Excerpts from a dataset

=== Section Start ===

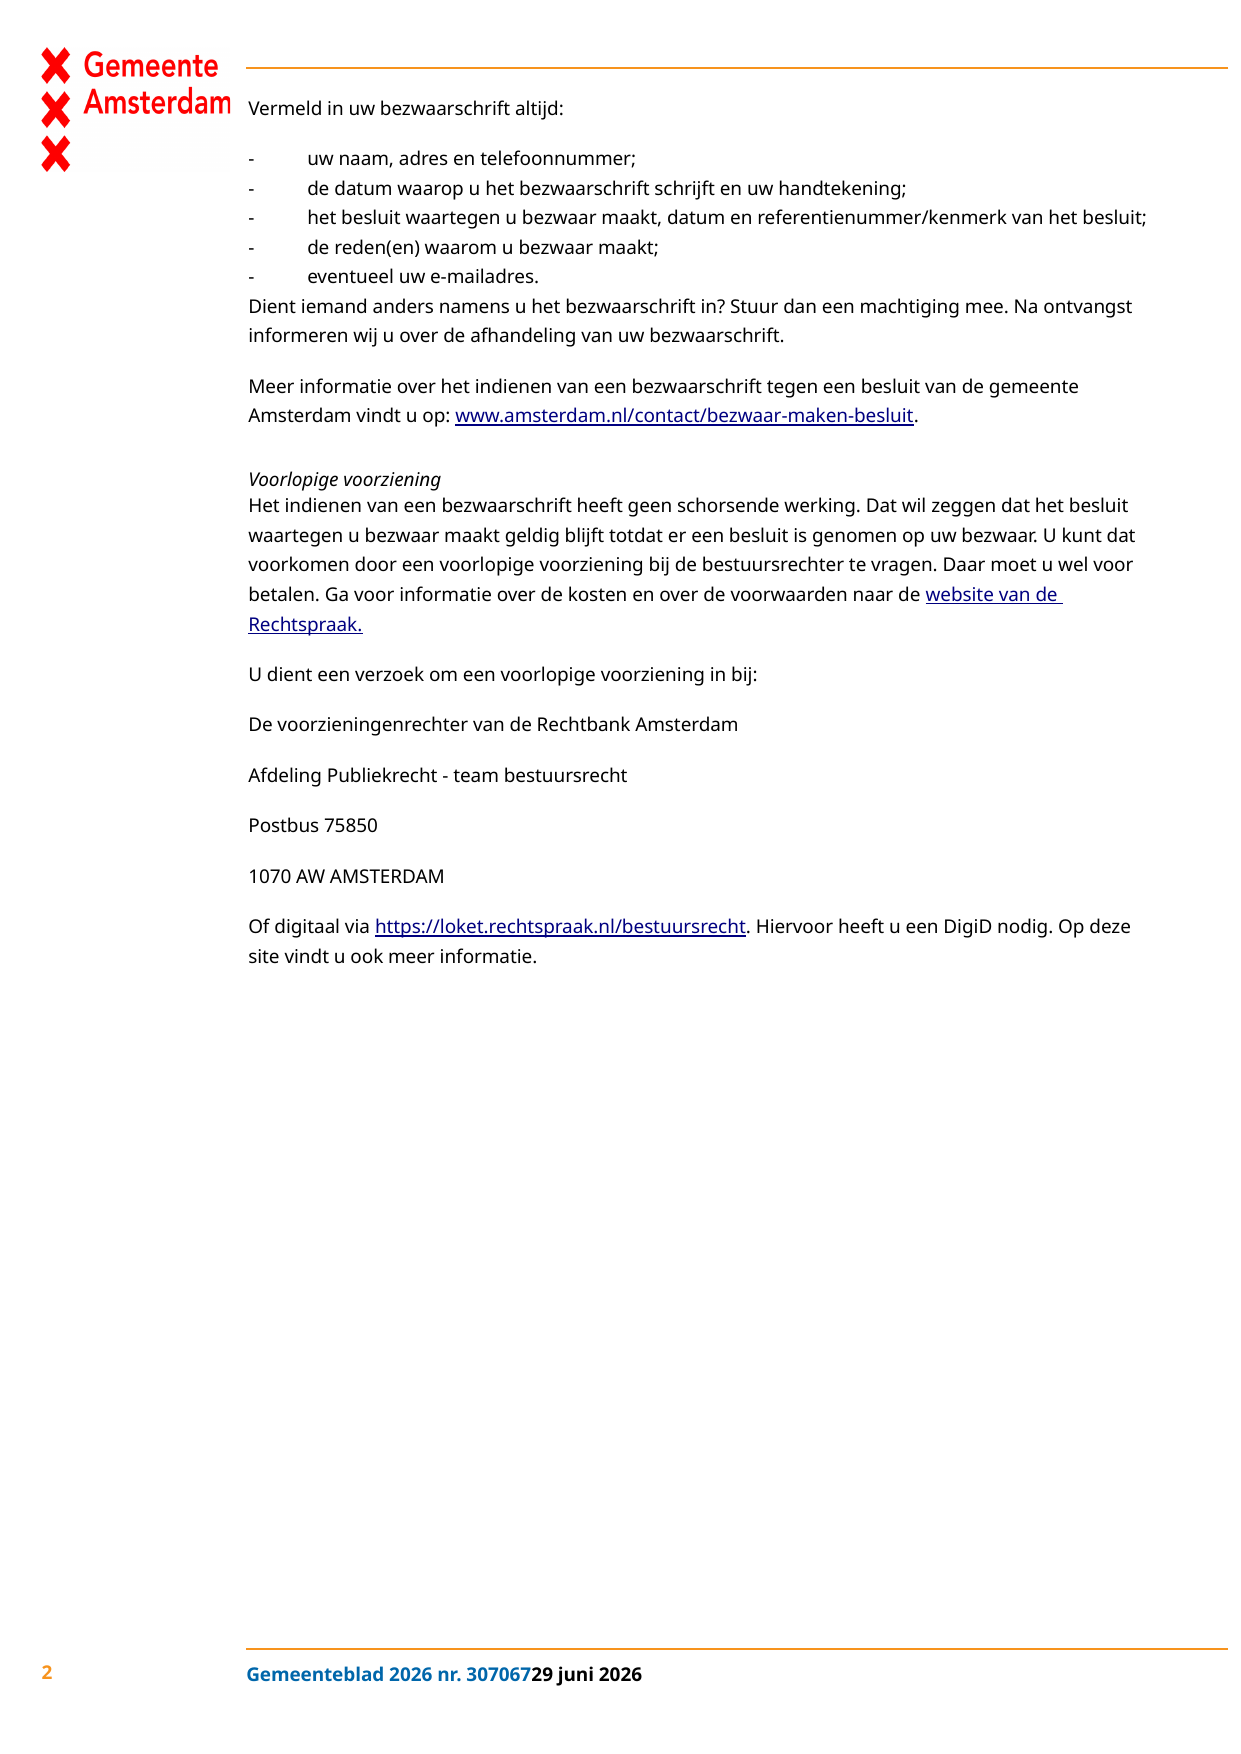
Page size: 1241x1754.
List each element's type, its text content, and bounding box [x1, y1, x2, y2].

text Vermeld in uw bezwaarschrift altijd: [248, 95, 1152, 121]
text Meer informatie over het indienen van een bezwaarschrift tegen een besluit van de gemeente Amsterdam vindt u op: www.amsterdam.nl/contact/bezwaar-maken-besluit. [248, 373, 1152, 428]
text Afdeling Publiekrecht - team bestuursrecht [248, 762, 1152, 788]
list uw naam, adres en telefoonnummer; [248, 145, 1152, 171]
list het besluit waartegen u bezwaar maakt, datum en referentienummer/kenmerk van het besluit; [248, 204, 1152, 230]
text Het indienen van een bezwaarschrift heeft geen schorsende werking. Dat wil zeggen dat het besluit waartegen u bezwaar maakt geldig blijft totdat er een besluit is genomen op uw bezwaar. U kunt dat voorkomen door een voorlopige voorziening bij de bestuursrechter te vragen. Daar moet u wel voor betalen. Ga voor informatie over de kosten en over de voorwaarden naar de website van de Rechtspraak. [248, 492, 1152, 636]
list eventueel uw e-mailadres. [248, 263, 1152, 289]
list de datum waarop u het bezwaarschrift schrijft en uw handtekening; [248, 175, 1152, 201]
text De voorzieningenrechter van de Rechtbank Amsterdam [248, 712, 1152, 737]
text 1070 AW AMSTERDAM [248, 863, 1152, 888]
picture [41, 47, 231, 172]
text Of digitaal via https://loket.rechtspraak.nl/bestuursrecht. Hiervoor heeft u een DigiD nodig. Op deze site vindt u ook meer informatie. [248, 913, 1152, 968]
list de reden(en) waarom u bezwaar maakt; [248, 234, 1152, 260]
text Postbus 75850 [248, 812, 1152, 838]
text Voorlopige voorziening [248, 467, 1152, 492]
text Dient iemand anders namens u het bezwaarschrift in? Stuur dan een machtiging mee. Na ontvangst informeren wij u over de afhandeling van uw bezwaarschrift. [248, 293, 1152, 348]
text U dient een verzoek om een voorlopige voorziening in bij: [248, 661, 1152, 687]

=== Section End ===

**WORK INSTRUCTIONS**
If a line falls between the first line of the records above and the line containing "text Voorlopige voorziening", inclusive, retype it exactly; leave pictures out.

**RESPONSE TO THIS TASK**
Page size: 1241x1754.
List each element's type, its text content, and bounding box [x1, y1, x2, y2].

text Vermeld in uw bezwaarschrift altijd: [248, 95, 1152, 121]
text Meer informatie over het indienen van een bezwaarschrift tegen een besluit van de gemeente Amsterdam vindt u op: www.amsterdam.nl/contact/bezwaar-maken-besluit. [248, 373, 1152, 428]
text Afdeling Publiekrecht - team bestuursrecht [248, 762, 1152, 788]
list uw naam, adres en telefoonnummer; [248, 145, 1152, 171]
list het besluit waartegen u bezwaar maakt, datum en referentienummer/kenmerk van het besluit; [248, 204, 1152, 230]
text Het indienen van een bezwaarschrift heeft geen schorsende werking. Dat wil zeggen dat het besluit waartegen u bezwaar maakt geldig blijft totdat er een besluit is genomen op uw bezwaar. U kunt dat voorkomen door een voorlopige voorziening bij de bestuursrechter te vragen. Daar moet u wel voor betalen. Ga voor informatie over de kosten en over de voorwaarden naar de website van de Rechtspraak. [248, 492, 1152, 636]
list eventueel uw e-mailadres. [248, 263, 1152, 289]
list de datum waarop u het bezwaarschrift schrijft en uw handtekening; [248, 175, 1152, 201]
text De voorzieningenrechter van de Rechtbank Amsterdam [248, 712, 1152, 737]
text 1070 AW AMSTERDAM [248, 863, 1152, 888]
picture [41, 47, 231, 172]
text Of digitaal via https://loket.rechtspraak.nl/bestuursrecht. Hiervoor heeft u een DigiD nodig. Op deze site vindt u ook meer informatie. [248, 913, 1152, 968]
list de reden(en) waarom u bezwaar maakt; [248, 234, 1152, 260]
text Postbus 75850 [248, 812, 1152, 838]
text Voorlopige voorziening [248, 467, 1152, 492]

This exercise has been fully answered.